- GOAL OF THE EXERCISE:
Among the lines below, keep only those from the one containing "- large metal block (151,90,235,174)" through the one containing "- round machined part (90,136,177,198)", and reproduce them exactly.
──────────────────────────────
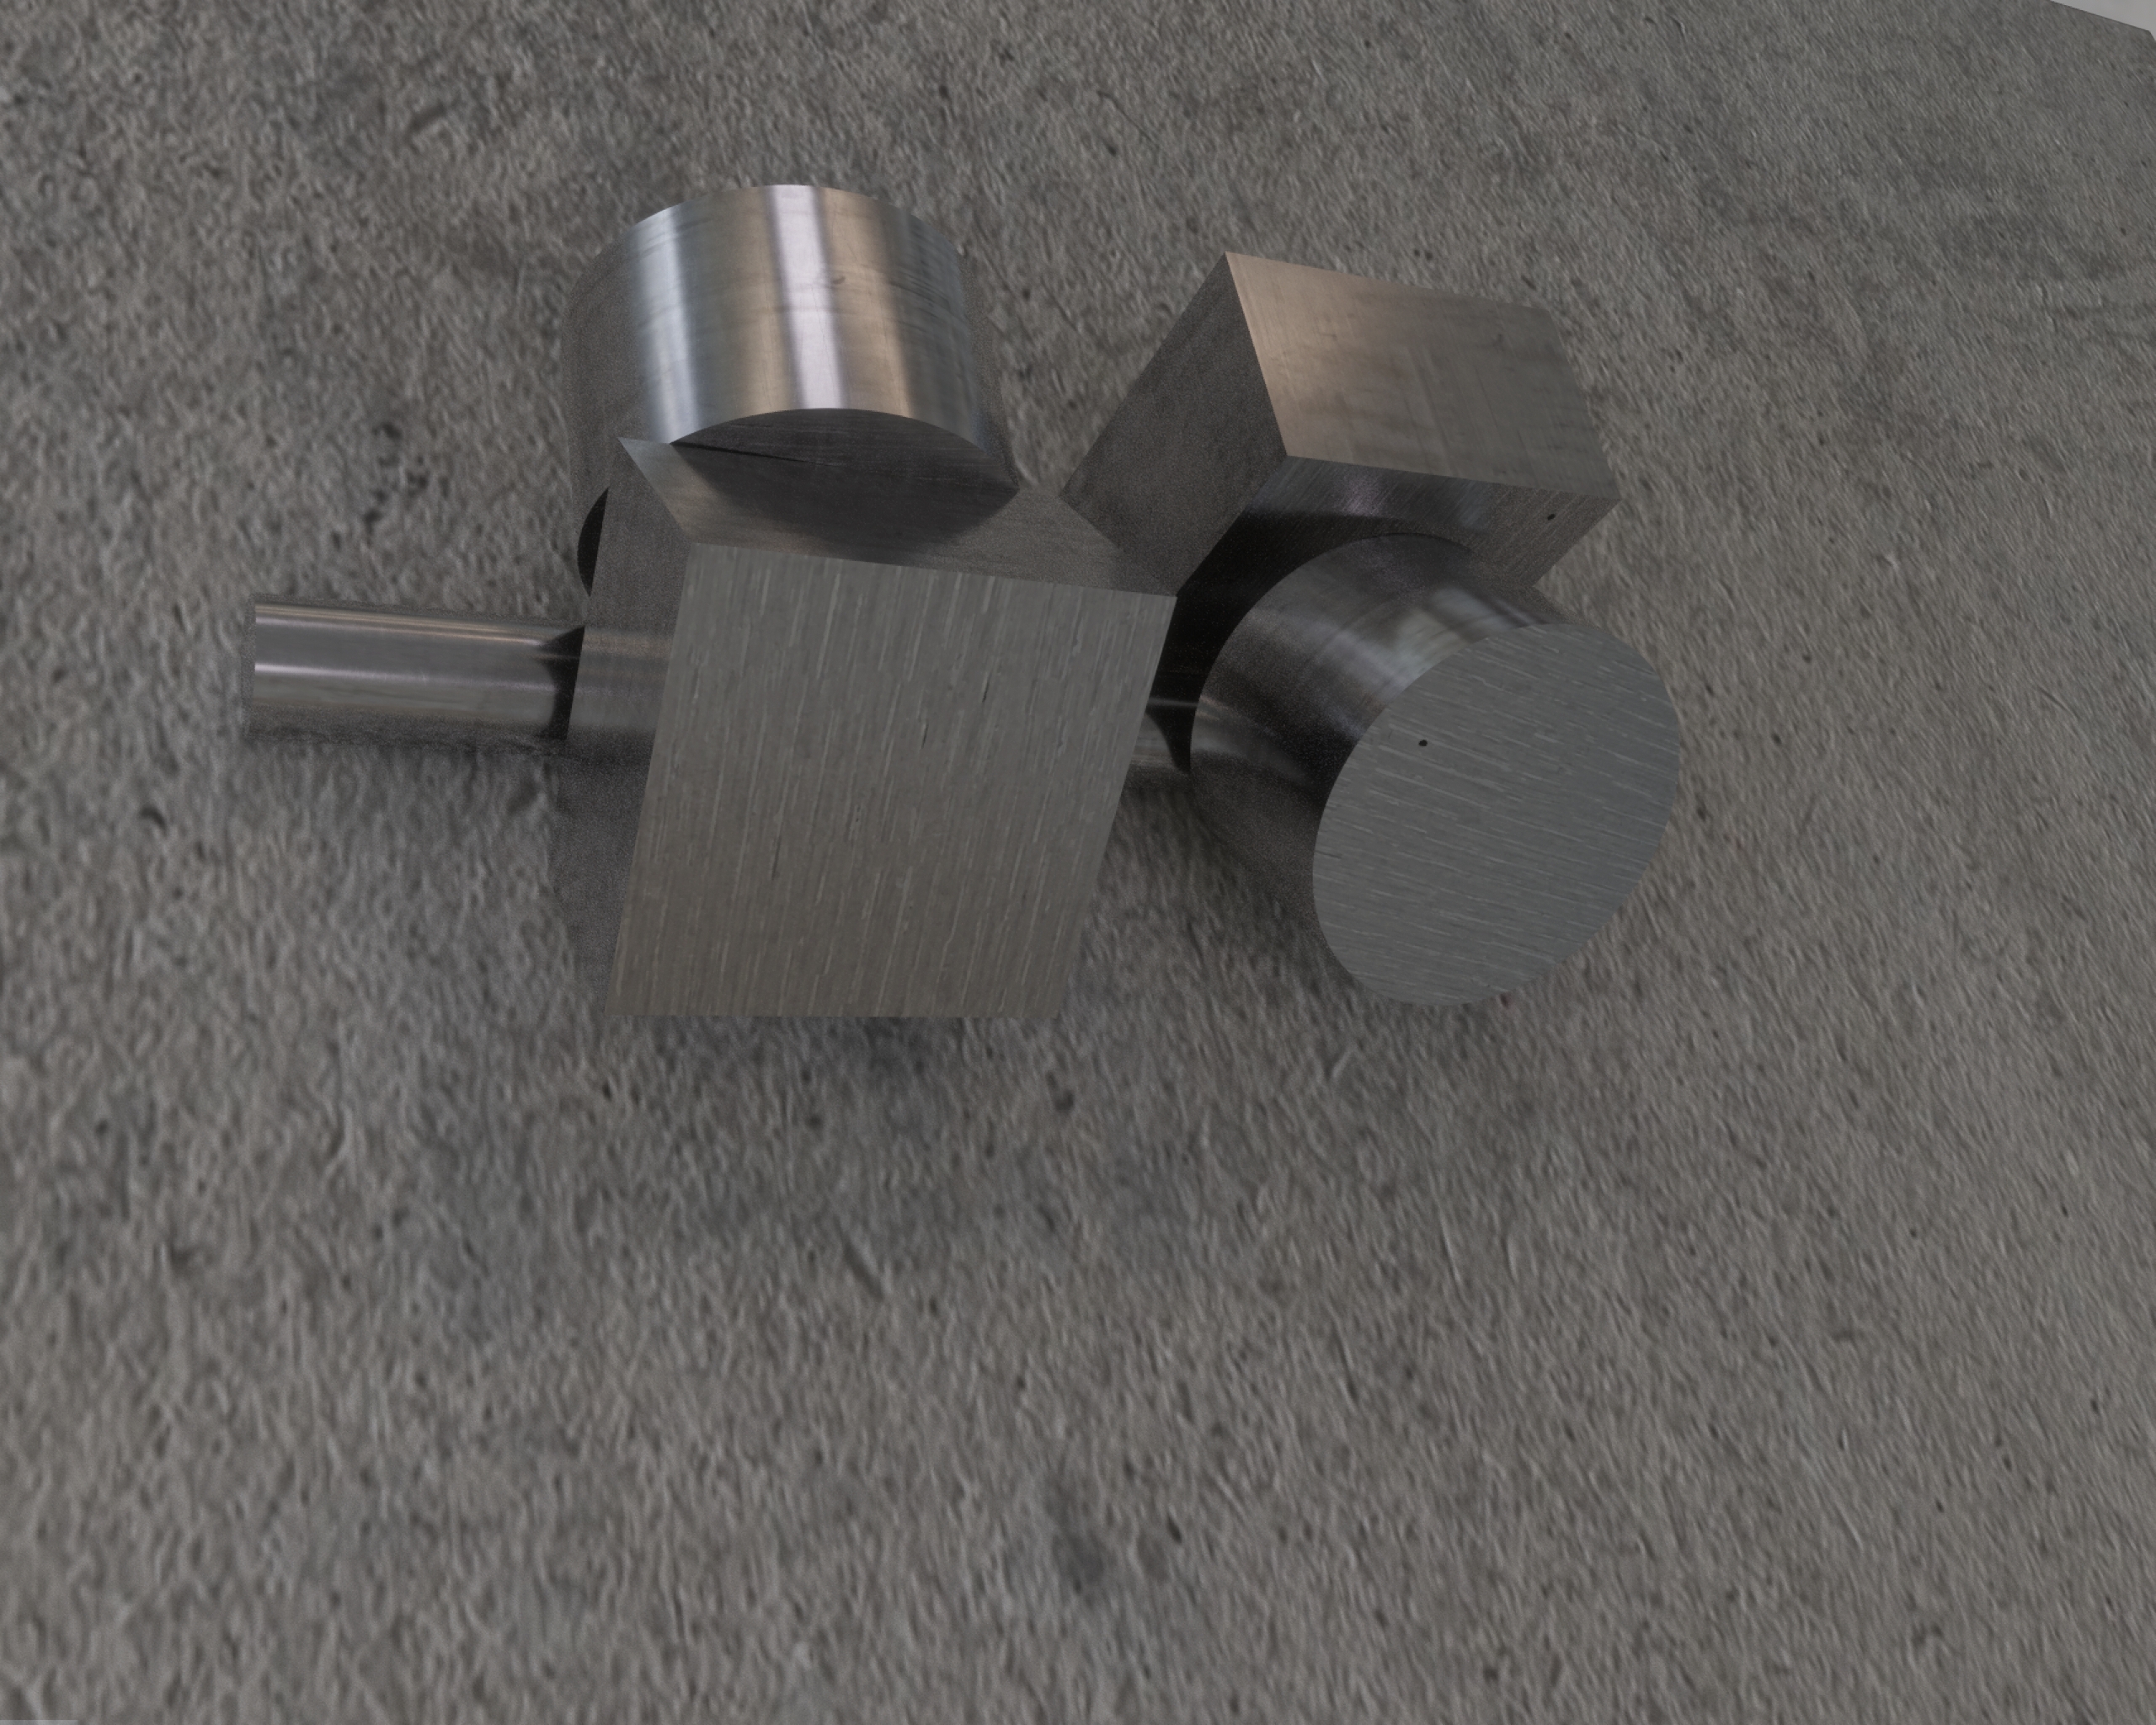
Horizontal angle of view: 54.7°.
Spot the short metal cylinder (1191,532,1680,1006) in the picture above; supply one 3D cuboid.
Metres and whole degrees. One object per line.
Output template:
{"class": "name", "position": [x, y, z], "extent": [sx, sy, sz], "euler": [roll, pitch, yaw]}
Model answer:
{"class": "short metal cylinder", "position": [0.069, -0.019, 0.411], "extent": [0.081, 0.079, 0.050], "euler": [2, 26, -27]}

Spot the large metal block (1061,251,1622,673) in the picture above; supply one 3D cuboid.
{"class": "large metal block", "position": [0.053, -0.078, 0.445], "extent": [0.081, 0.080, 0.050], "euler": [1, 61, -28]}

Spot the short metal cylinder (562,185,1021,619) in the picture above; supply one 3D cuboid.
{"class": "short metal cylinder", "position": [-0.053, -0.078, 0.388], "extent": [0.081, 0.080, 0.050], "euler": [3, 60, -27]}

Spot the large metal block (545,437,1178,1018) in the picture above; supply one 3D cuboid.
{"class": "large metal block", "position": [-0.039, -0.021, 0.354], "extent": [0.081, 0.079, 0.050], "euler": [3, 26, -27]}

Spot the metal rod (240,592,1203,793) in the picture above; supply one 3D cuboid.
{"class": "metal rod", "position": [-0.006, -0.028, 0.421], "extent": [0.303, 0.025, 0.025], "euler": [2, 61, -27]}
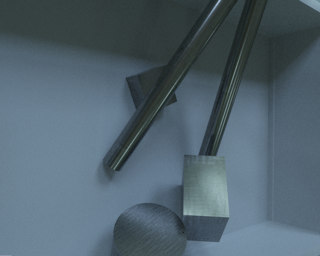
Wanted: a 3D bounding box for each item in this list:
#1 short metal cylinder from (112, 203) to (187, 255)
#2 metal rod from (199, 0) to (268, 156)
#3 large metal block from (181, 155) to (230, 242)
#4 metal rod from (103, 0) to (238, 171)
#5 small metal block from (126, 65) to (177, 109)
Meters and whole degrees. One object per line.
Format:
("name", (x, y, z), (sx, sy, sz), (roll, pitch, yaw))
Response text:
("short metal cylinder", (-0.014, 0.133, 0.352), (0.081, 0.080, 0.050), (-25, 141, -38))
("metal rod", (0.092, -0.057, 0.406), (0.025, 0.025, 0.298), (-6, 119, -40))
("large metal block", (0.053, 0.091, 0.395), (0.080, 0.050, 0.080), (90, 4, -51))
("metal rod", (0.028, -0.079, 0.348), (0.025, 0.025, 0.299), (30, 98, -37))
("small metal block", (-0.010, -0.049, 0.400), (0.050, 0.025, 0.050), (-28, 108, -37))
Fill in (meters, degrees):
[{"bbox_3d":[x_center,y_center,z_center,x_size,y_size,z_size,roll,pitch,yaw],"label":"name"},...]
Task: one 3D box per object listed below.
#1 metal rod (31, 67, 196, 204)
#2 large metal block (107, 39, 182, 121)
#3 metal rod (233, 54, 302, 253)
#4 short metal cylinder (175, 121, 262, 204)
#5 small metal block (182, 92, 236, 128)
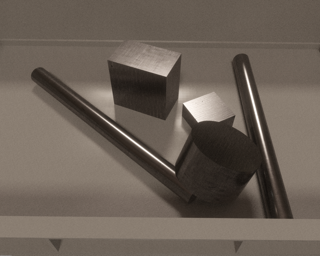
[{"bbox_3d":[-0.073,-0.003,0.406,0.300,0.025,0.025,35,58,25],"label":"metal rod"},{"bbox_3d":[-0.019,-0.065,0.424,0.080,0.080,0.050,18,53,14],"label":"large metal block"},{"bbox_3d":[0.128,0.005,0.402,0.025,0.025,0.300,1,50,0],"label":"metal rod"},{"bbox_3d":[0.063,0.036,0.342,0.081,0.050,0.080,15,34,-10],"label":"short metal cylinder"},{"bbox_3d":[0.065,-0.017,0.420,0.050,0.025,0.050,-21,54,-18],"label":"small metal block"}]
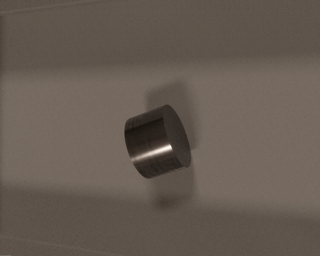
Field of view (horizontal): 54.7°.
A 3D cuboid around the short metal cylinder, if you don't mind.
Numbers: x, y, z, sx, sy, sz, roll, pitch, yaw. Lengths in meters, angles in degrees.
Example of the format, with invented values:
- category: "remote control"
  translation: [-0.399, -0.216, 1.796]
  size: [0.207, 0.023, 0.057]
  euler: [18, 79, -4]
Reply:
- category: "short metal cylinder"
  translation: [-0.001, 0.017, 0.381]
  size: [0.050, 0.080, 0.080]
  euler: [-20, 84, 19]
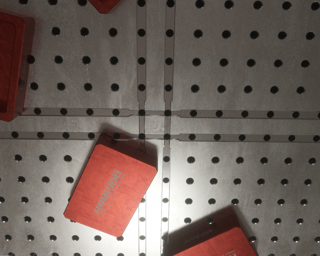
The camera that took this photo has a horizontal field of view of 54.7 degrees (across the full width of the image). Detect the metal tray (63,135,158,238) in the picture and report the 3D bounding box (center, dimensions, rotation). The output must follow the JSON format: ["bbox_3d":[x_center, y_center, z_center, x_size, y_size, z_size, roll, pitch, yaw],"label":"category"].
[{"bbox_3d":[-0.070,0.085,0.441,0.090,0.030,0.129,25,108,-9],"label":"metal tray"}]

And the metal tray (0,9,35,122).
[{"bbox_3d":[-0.212,-0.080,0.377,0.091,0.030,0.129,15,109,-6],"label":"metal tray"}]

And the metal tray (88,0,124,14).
[{"bbox_3d":[-0.073,-0.203,0.334,0.090,0.030,0.130,-40,106,13],"label":"metal tray"}]

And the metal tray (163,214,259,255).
[{"bbox_3d":[0.081,0.202,0.487,0.130,0.030,0.090,-28,108,9],"label":"metal tray"}]
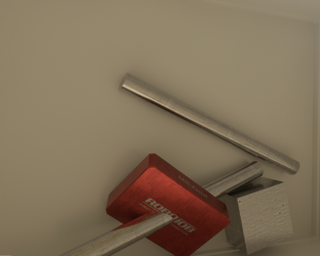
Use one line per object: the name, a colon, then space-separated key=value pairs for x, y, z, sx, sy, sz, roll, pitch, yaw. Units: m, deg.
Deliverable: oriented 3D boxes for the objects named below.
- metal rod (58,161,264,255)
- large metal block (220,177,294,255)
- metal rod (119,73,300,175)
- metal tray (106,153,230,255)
metal rod: x=0.020 y=0.104 z=0.394 sx=0.302 sy=0.025 sz=0.025 roll=-19 pitch=97 yaw=-29
large metal block: x=0.138 y=0.124 z=0.450 sx=0.081 sy=0.050 sz=0.079 roll=-13 pitch=95 yaw=-20
metal rod: x=0.082 y=0.002 z=0.442 sx=0.302 sy=0.025 sz=0.025 roll=25 pitch=82 yaw=-19
metal tray: x=0.011 y=0.102 z=0.390 sx=0.130 sy=0.030 sz=0.090 roll=37 pitch=110 yaw=-17
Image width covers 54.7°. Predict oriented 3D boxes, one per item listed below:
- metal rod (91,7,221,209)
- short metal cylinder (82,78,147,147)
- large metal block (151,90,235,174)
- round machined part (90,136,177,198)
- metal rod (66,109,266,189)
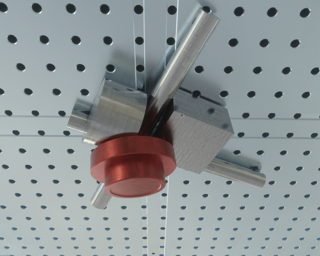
[{"bbox_3d":[-0.019,-0.004,0.383,0.025,0.025,0.298,22,119,-18],"label":"metal rod"},{"bbox_3d":[-0.054,-0.013,0.363,0.050,0.080,0.079,20,127,-16],"label":"short metal cylinder"},{"bbox_3d":[0.034,0.005,0.396,0.080,0.050,0.079,20,127,-17],"label":"large metal block"},{"bbox_3d":[-0.030,0.050,0.357,0.099,0.042,0.098,-6,151,-3],"label":"round machined part"},{"bbox_3d":[0.020,0.035,0.441,0.302,0.025,0.025,19,127,-16],"label":"metal rod"}]
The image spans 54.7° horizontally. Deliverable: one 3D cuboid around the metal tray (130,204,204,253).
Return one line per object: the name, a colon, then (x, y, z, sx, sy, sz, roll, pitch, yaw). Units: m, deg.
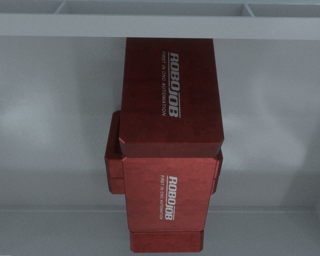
metal tray: (0.008, 0.119, 0.438, 0.091, 0.130, 0.030, 0, 109, -1)

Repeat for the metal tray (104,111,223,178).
metal tray: (0.004, 0.018, 0.380, 0.131, 0.090, 0.030, 1, 130, -1)

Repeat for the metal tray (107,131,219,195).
metal tray: (0.003, 0.041, 0.400, 0.131, 0.090, 0.030, 1, 130, -1)

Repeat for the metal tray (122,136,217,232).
metal tray: (0.008, 0.067, 0.342, 0.091, 0.030, 0.129, 0, 130, -1)

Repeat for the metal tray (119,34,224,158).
metal tray: (0.010, -0.036, 0.307, 0.091, 0.130, 0.030, 1, 150, -1)
──────────────────────────────
- SOLVED PROBLEM:
- large metal block (151,90,235,174)
- round machined part (90,136,177,198)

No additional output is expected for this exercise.